Morrisons, which acquired the old Safeway chain in 2004, was also a much smaller business than it is today.

Moreover, in the 1990s, the hard discounters Aldi and Lidl – who entered the UK in 1990 and 1994 respectively – had a miniscule market presence.

Hard discounting in grocery retail was also less developed than today with the old Kwik-Save chain its leading exponent.

In other words, the climate was ripe for a player like Asda to seize share with big, well-targeted price cuts, snappy advertising and, crucially, excellent product availability.

Compare that with today.

A different time

Tesco’s market position is as dominant as it has ever been while Sainsbury’s is a strongly entrenched number two in the market and a revived Morrisons, under Rami Baitiéh, has also returned to growth.

Aldi and Lidl, although the former has recently seen its market share slipping, also remain formidable competitors.

Tesco and Sainsbury’s, who have benefited more than anyone from Asda’s travails, have the most to lose in the event of a turnaround. But they are also better placed than anyone else to withstand one: Tesco’s Clubcard is arguably the world’s most successful supermarket loyalty and rewards scheme and provides the grocer with data and insights that no one else has, enabling it to react rapidly to changes in the market or to shopper habits.

Read more:
The town where almost a third are economically inactive
The way economic data is collected is changing – here’s why it matters

Sainsbury’s is trying to do something similar with Nectar, while both schemes are increasingly able to personalise offers to individual customers, entrenching loyalty.

That may become even more important if, as Simon Roberts, Sainsbury’s chief executive, asserts, the ‘big weekly shop’ is becoming more important as working from home becomes less common.

Tesco and Sainsbury’s sharper than they used to be

As the renowned sector watcher Clive Black, analyst at investment bank Shore Capital puts it: “We need to remember that the listed players are better grocers than Asda with a broader customer set, stronger balance sheets and a will to remain competitive”.

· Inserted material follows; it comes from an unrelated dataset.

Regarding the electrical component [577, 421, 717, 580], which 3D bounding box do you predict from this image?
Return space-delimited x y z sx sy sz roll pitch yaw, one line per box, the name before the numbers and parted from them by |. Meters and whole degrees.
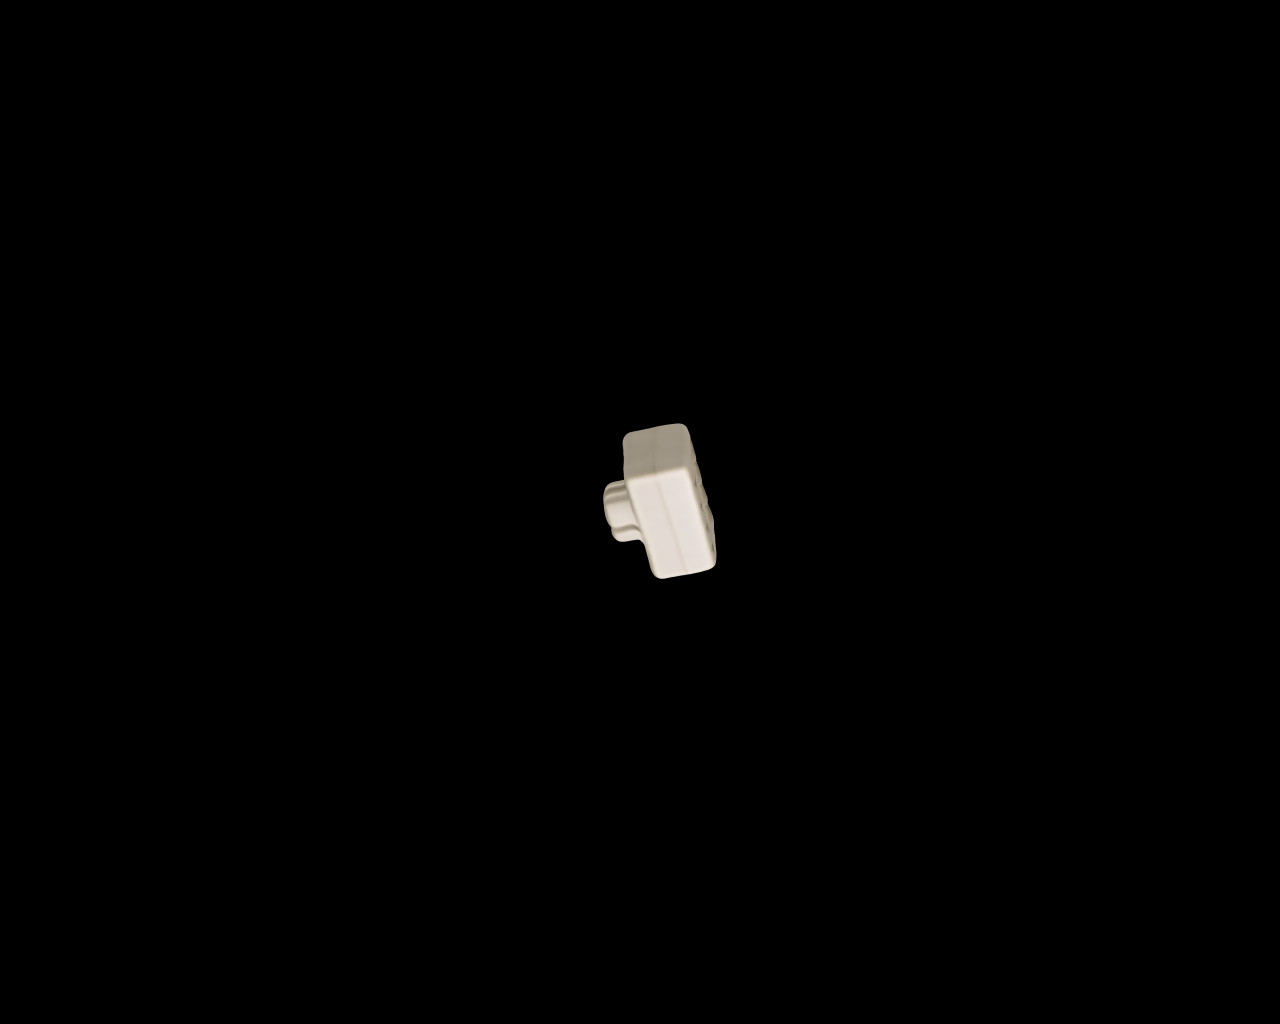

He points out that, apart from the advantages bestowed by their loyalty programmes, Tesco and Sainsbury’s are sharper on price than they used to be, are able to price-match Aldi meaningfully and offer better ranges and more choice than both the German pair and Asda.

That view is shared by the retail team at brokerage Jefferies which has questioned whether Asda’s price cuts can deliver the increase in grocery volumes in the time it requires without a fresh injection of capital from shareholders.

What about consumers?

Will this be good news for consumers? Possibly.

But the grocery sector will be hit hard by the forthcoming increase in the national living wage and, more especially, the rise in employer’s national insurance contributions announced by Rachel Reeves, the chancellor, in her autumn budget.

Those measures will not only push up the costs of supermarkets but also those of their suppliers. Those higher costs will at least be partly passed on to customers.

So too will be the cost of implementing new recycling regulations due in October.

And, all the while, food price inflation is picking up in staples such as eggs, milk and butter. The British Retail Consortium is expecting food price inflation to be north of 4% during the second half of this year.

Accordingly, while Asda’s price war may bring some relief, it feels more likely at present as if it will merely result in lower price rises than British shoppers would otherwise have experienced rather than an outright drop in prices across the board.